Epoch 0, {'accuracy': DeviceArray(0.9185667, dtype=float32), 'average_loss': DeviceArray(0.27219722, dtype=float32)}

100%|██████████| 1875/1875 [00:02<00:00, 848.14it/s]

Epoch 1, {'accuracy': DeviceArray(0.96816665, dtype=float32), 'average_loss': DeviceArray(0.10662578, dtype=float32)}

100%|██████████| 1875/1875 [00:02<00:00, 770.72it/s]
Epoch 2, {'accuracy': DeviceArray(0.97900003, dtype=float32), 'average_loss': DeviceArray(0.07093462, dtype=float32)}



Solstice also provides some pre-made metrics classes, such as solstice.ClassificationMetrics for common use cases.

Introducing solstice.train() and solstice.Callbacks¤

Often, training loops are boilerplate code. In general, they tend to have two parts: the loops that advance the training state, and the bits that make side effects such as logging and checkpointing work. Solstice comes with solstice.train(), a standard training loop which integrates with a flexible callback system for injecting side effects.

Below, we use the built-in solstice.LoggingCallback with solstice.train() to cut down on boilerplate code.

import logging
logging.getLogger("solstice").setLevel(logging.INFO)

# by default, `solstice.LoggingCallback` logs to the built-in Python logging system
# with name 'solstice' and level INFO. You can also use this callback with TensorBoard etc...
logging_callback = solstice.LoggingCallback()

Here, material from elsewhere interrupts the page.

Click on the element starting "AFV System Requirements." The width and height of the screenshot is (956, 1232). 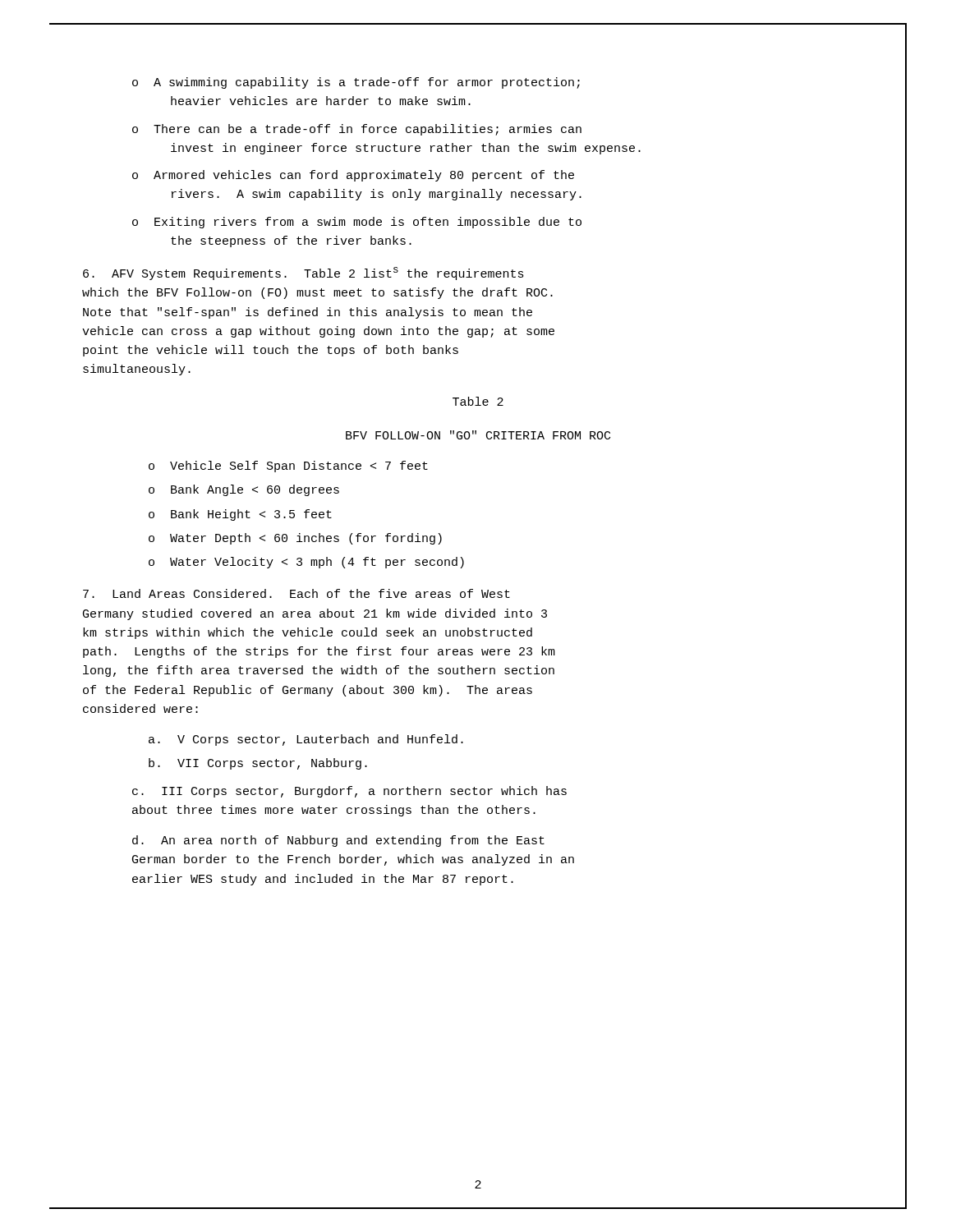pyautogui.click(x=319, y=321)
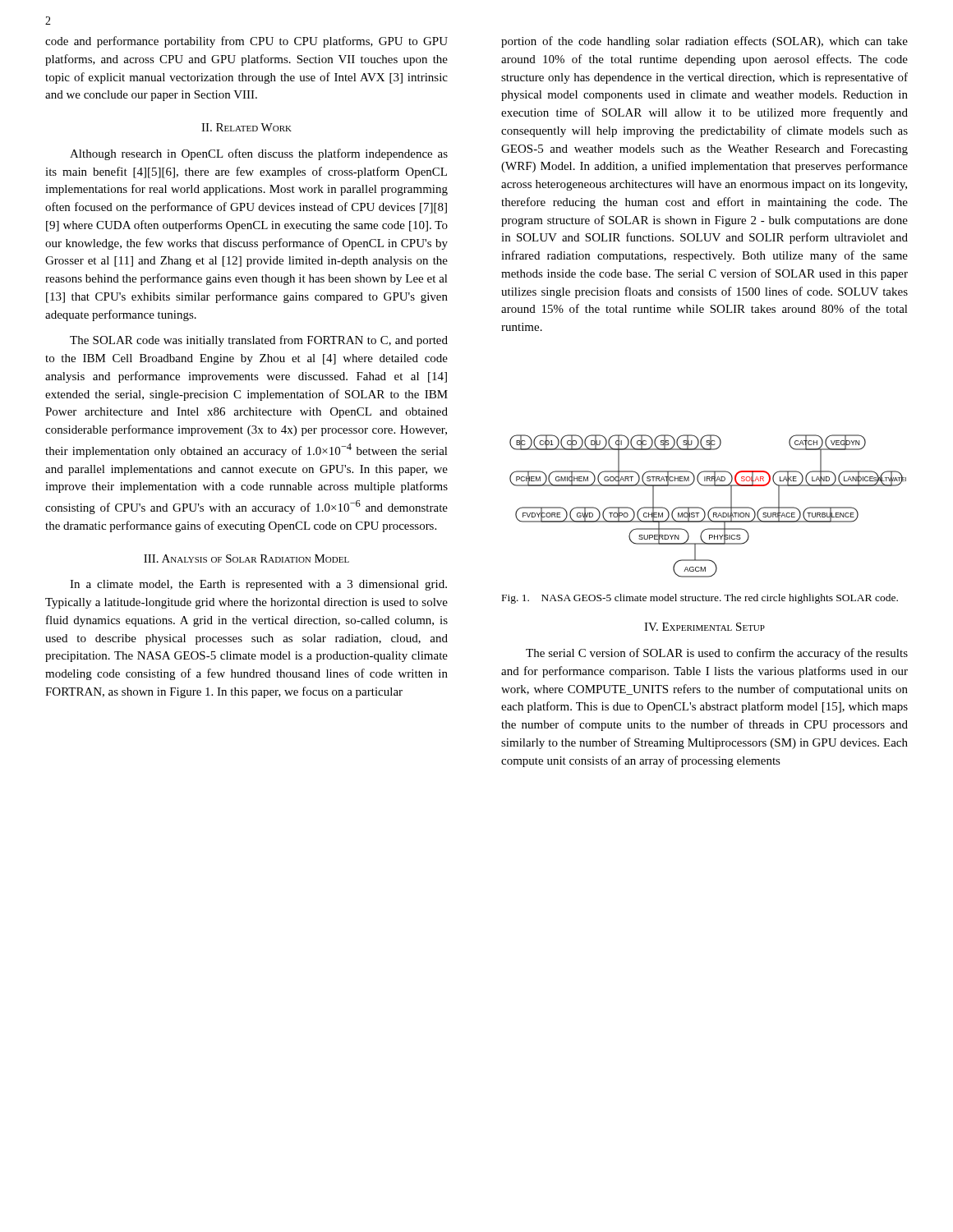Find the text block that reads "Although research in OpenCL often discuss the platform"
This screenshot has height=1232, width=953.
click(246, 234)

exp = MNISTClassifierWithMetrics(rng=0, learning_rate=0.1)
trained_exp = solstice.train(exp, train_ds=train_ds, num_epochs=3, callbacks=[logging_callback])
Training:   0%|          | 0/3 [00:00<?, ?epoch/s]INFO:solstice:train step 0: {'accuracy': DeviceArray(0.9185667, dtype=float32), 'average_loss': DeviceArray(0.27219722, dtype=float32)}
Training:  33%|███▎      | 1/3 [00:02<00:05,  2.61s/epoch]INFO:solstice:train step 1: {'accuracy': DeviceArray(0.96816665, dtype=float32), 'average_loss': DeviceArray(0.10662578, dtype=float32)}
Training:  67%|██████▋   | 2/3 [00:05<00:02,  2.60s/epoch]INFO:solstice:train step 2: {'accuracy': DeviceArray(0.97900003, dtype=float32), 'average_loss': DeviceArray(0.07093462, dtype=float32)}
Training: 100%|██████████| 3/3 [00:07<00:00,  2.51s/epoch]

Notice that the results are still identical to the ones from the initial Flax code. All Solstice does is provide user-facing utilities for creating and scaling deep learning experiments in JAX. We encourage people to create their own Callbacks to do more interesting things.